Earlier, I had asked Asia what she liked about these events. “We like to go where the money and the cars are prizes,” she said. “Grandmother really needs a car and we really want money, money, money!” It was not only an outrageous thing for a five-year-old to say but it made me concerned for her future.
Asia and her fiercely ambitious, noisy, happy family came into my life 13 years ago, when I decided to make a documentary in the United States about the child beauty pageant circuit - then a phenomenon unknown in Britain, though that was all to change after the murder a year later of a six-year-old contestant called JonBenet Ramsey. By the time the feature film Little Miss Sunshine was released two years ago, there were few who were unaware of these bizarre contests in which children are painted and pompadoured to look like mini-hookers.

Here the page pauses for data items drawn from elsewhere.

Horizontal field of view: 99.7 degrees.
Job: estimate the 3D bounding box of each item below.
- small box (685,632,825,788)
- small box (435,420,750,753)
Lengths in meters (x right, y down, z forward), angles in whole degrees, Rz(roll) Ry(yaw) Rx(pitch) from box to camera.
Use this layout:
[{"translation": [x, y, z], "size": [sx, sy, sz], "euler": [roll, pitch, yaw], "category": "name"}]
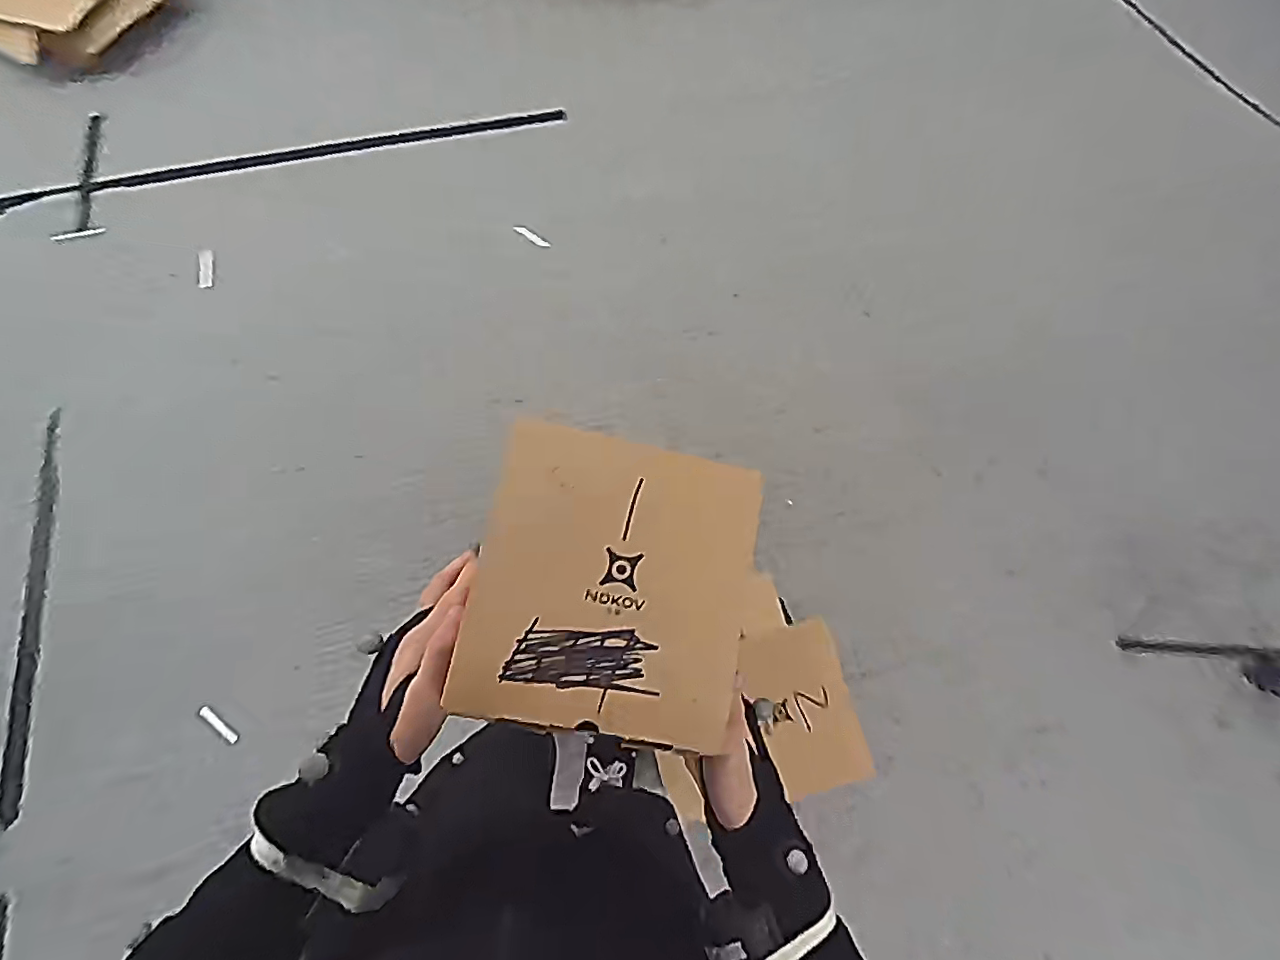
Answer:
[{"translation": [0.142, 0.330, 0.803], "size": [0.179, 0.176, 0.168], "euler": [-13, 71, -4], "category": "small box"}, {"translation": [-0.035, 0.077, 0.404], "size": [0.168, 0.176, 0.179], "euler": [12, 77, -8], "category": "small box"}]
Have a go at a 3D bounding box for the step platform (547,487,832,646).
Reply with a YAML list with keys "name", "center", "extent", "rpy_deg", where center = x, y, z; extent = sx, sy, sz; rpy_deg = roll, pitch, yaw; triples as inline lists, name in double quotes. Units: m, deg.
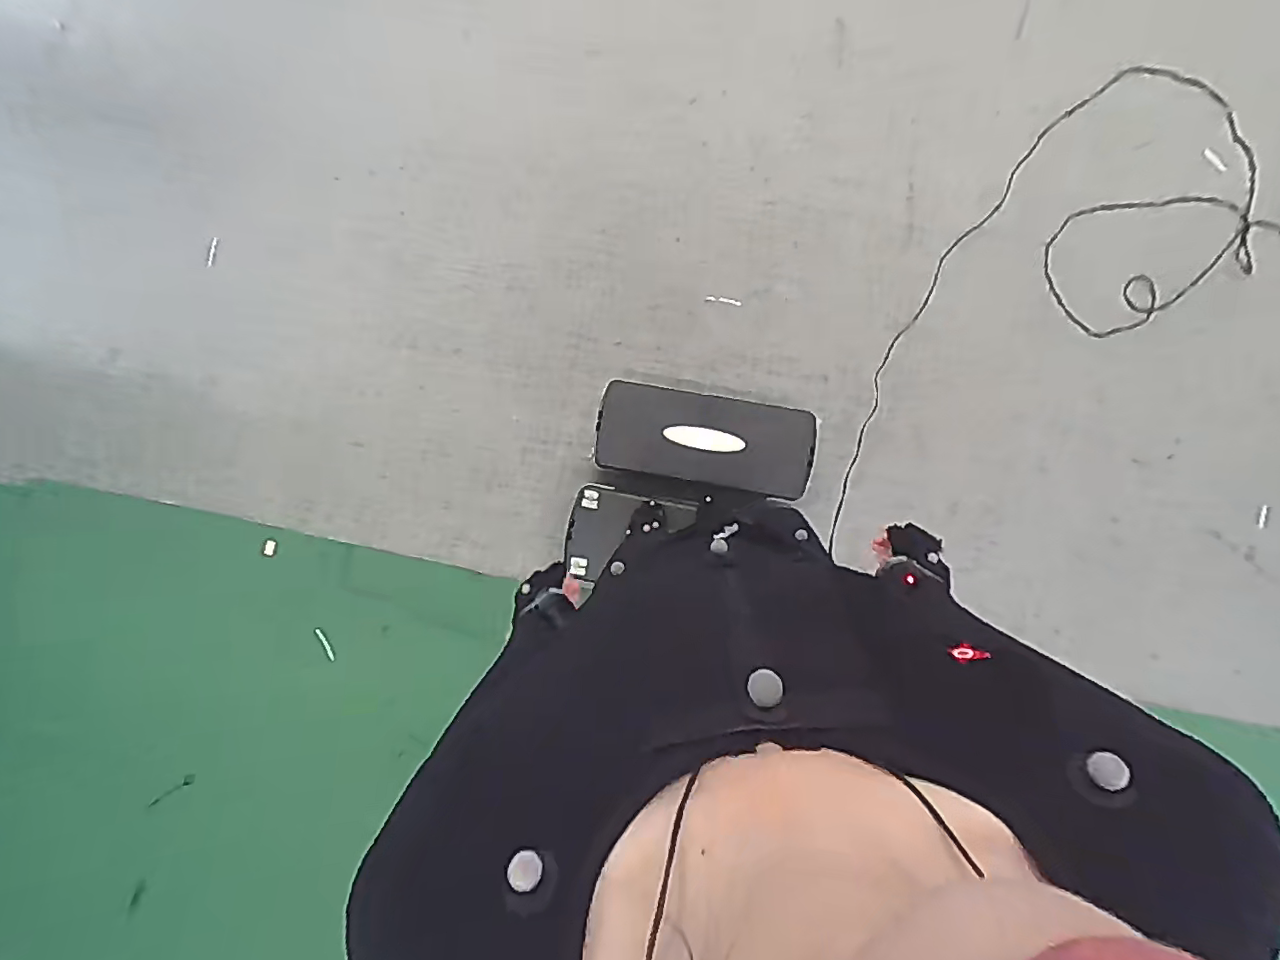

Back in 1995, I had chosen to film two five-year-old beauties - Asia, from Louisiana, and her arch rival Brooke Breedwell, from Tennessee - and then followed them to the Southern Charm pageant in Atlanta, Georgia, where they battled it out for the $5,000 top prize and the glittering crown of the Supreme Queen.
The result was Painted Babies, which not only launched my career but provoked thousands of letters of complaint, most of which expressed the concern that these contests bordered on child abuse.
But did they? Last summer I travelled back to the US to find out what had happened to the two princesses who had spent their early years inhaling indecent amounts of hairspray and singing sexually suggestive adult songs.
I wasn’t sure what I would find. Would Brooke and Asia - now nearly 18 - have distorted egos? Would they be permanently damaged by the giddy highs of winning pageants, followed by the inevitable lows that came from losing? And what would they think now of their pushy mothers and grandmothers, who had fussed over their false lashes and driven them hundreds of miles in pursuit of cash and crowns?
At the time I filmed Painted Babies, thousands of these pageants were taking place every weekend across the Southern states, featuring girls as young as nine months. The women who constantly flapped around their preened daughters seemed like parodies of the pushy mother, shrieking when their daughters bumped and ground their way to a prize and always outraged and in tears when they didn’t. Professional make-up artists were hired by some for $300 - too expensive for some mums , who applied thick make-up to their babies’ faces as they slept. It was easy to see why many viewers considered such contests exploitative and shocking.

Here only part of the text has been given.